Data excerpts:

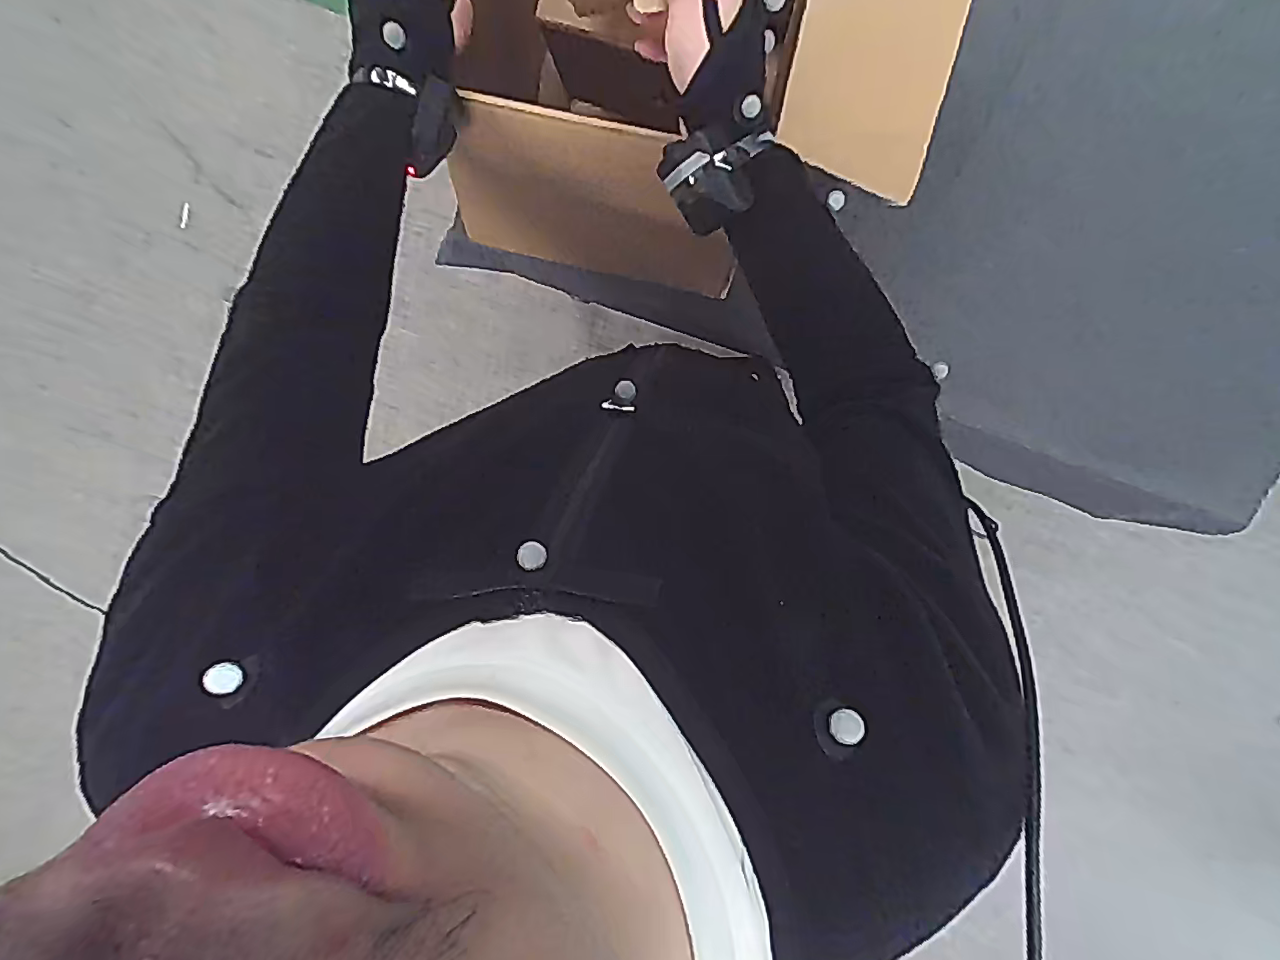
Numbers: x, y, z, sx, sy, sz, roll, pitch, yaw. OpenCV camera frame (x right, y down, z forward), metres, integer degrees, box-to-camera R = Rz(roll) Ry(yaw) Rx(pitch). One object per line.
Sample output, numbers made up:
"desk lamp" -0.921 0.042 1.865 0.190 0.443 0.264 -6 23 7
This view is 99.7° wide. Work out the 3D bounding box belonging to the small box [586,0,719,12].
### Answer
"small box" 0.018 -0.474 0.395 0.168 0.176 0.179 -3 119 6

* [WORK ITEM] Would you please write out the entries in full, exactly as they read, but without pictures?

* [ANSWER TO THIS EXERCISE]
Numbers: x, y, z, sx, sy, sz, roll, pitch, yaw. OpenCV camera frame (x right, y down, z forward), metres, integer degrees, box-to-camera R = Rz(roll) Ry(yaw) Rx(pitch). One object per line.
Sample output, numbers made up:
"desk lamp" -0.921 0.042 1.865 0.190 0.443 0.264 -6 23 7
This view is 99.7° wide. Work out the 3D bounding box belonging to the small box [586,0,719,12].
### Answer
"small box" 0.018 -0.474 0.395 0.168 0.176 0.179 -3 119 6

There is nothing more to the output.